Squadrick / shadesmar

Fast C++ IPC using shared memory
MIT License
550 stars 84 forks source link

Support zero-copy communication #43

Open Squadrick opened 4 years ago

Squadrick commented 4 years ago

Here's one way to achieve this:

Publisher p("topic");
void *ptr = p.get_msg(size);

ptr is allocated in the shared memory (using Allocator) and given to the user. We also assign an Element in the shared queue to ptr. We hold a writer lock on this element until ptr is published. We may need to update the base Element to add an extra field: is_zero_copied, so that the consumer can react accordingly.

auto obj = new (ptr) SomeClass( /* params */);
// update obj
p.zero_copy_publish(ptr); // releases the shared queue element lock

On the consumer side, we'll return a subclass of Memblock: ZeroCopyMemblock which will not have a no_delete() and will be deallocated at the end of the callback. We'll need to check the logic for locks as well.

Code path for copied-communication:

// element is the currently accessed shared queue position
Memblock memblock;
element.lock.acquire();
memcpy(element.ptr, memblock.ptr, element.size);
memblock.size = element.size;
element.lock.release();

callback(memblock);

if (memblock.should_free) {
   delete memblock;
}

New code path for zero-copy communication:

element.lock.acquire();
callback(ZeroCopyMemblock{element.ptr, element.size});
element.lock.release();

allocator.dealloc(element);

The above has been shown for pub-sub, but they can be extended to RPC too.


Here's a problem, we can't free each message pointer independently. A message pointer can only be free after all preceding message allocations are released, which is due to the logic in which Allocator works. It is a strictly FIFO-based allocation strategy. For performance, we may want to consider moving to a more complex general-purpose allocator.

NOTE: Writing a general-purpose allocator to work on a single chunk of shared memory is very error-prone.

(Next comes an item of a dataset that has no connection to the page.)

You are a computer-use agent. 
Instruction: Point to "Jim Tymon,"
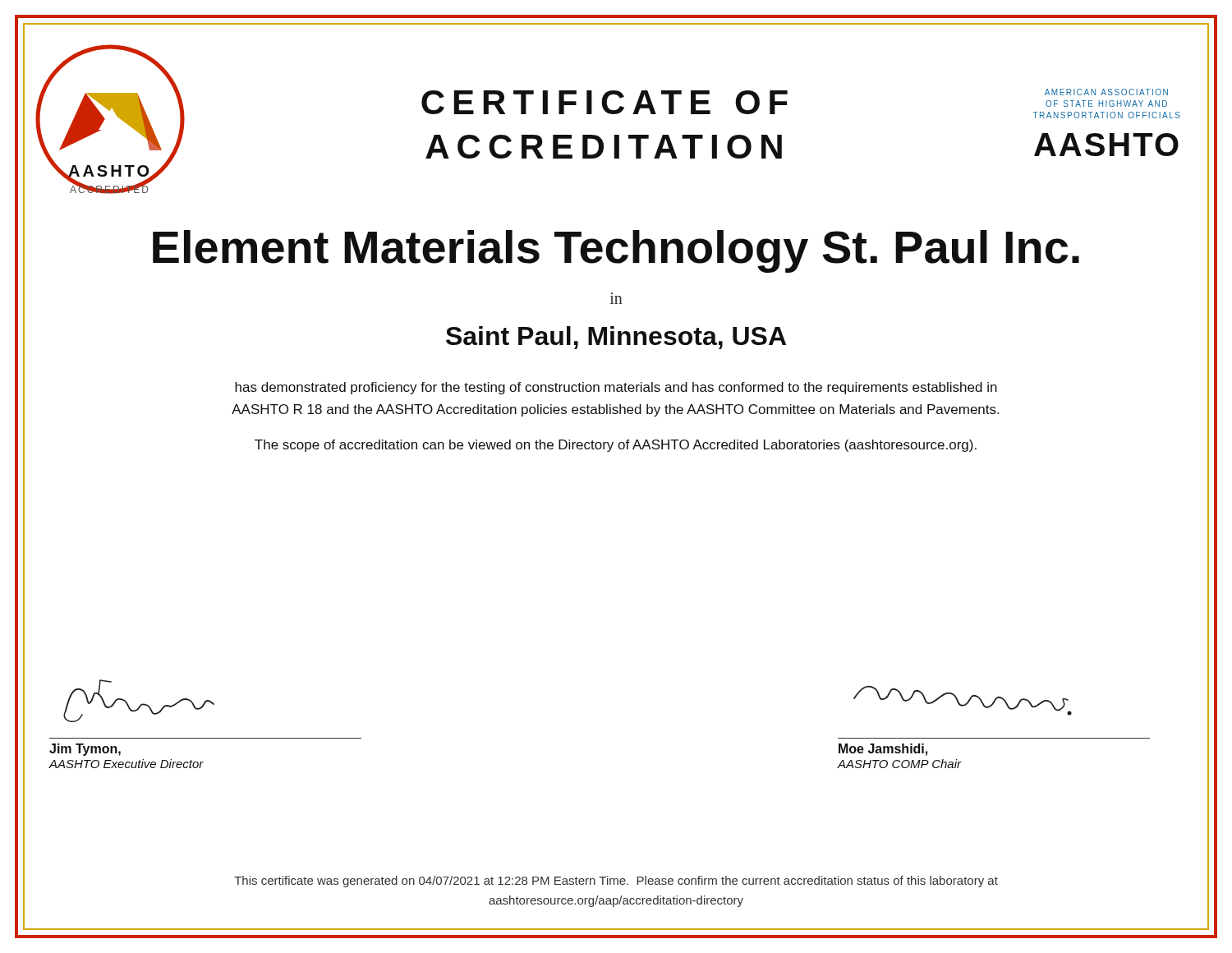click(x=85, y=749)

hugosenari commented 11 months ago

I discovered your lib because my thought was, if I cannot manage memory across process (without writing a custom memory allocator) what can I do to go faster than memcopy.

Andrei gives a good hint on how to write allocators in std::allocator Is to Allocation what std::vector Is to Vexation, his talk also fixed something that was nebulous in my mind: multiple strategies for multiple sizes.

So currently, I'm trying to find how large a memory block has to be, to zero copy makes sense.

And, how iceoryx does it?

flyonaie commented 4 months ago

"iceoryx" is a pre-allocated memory space.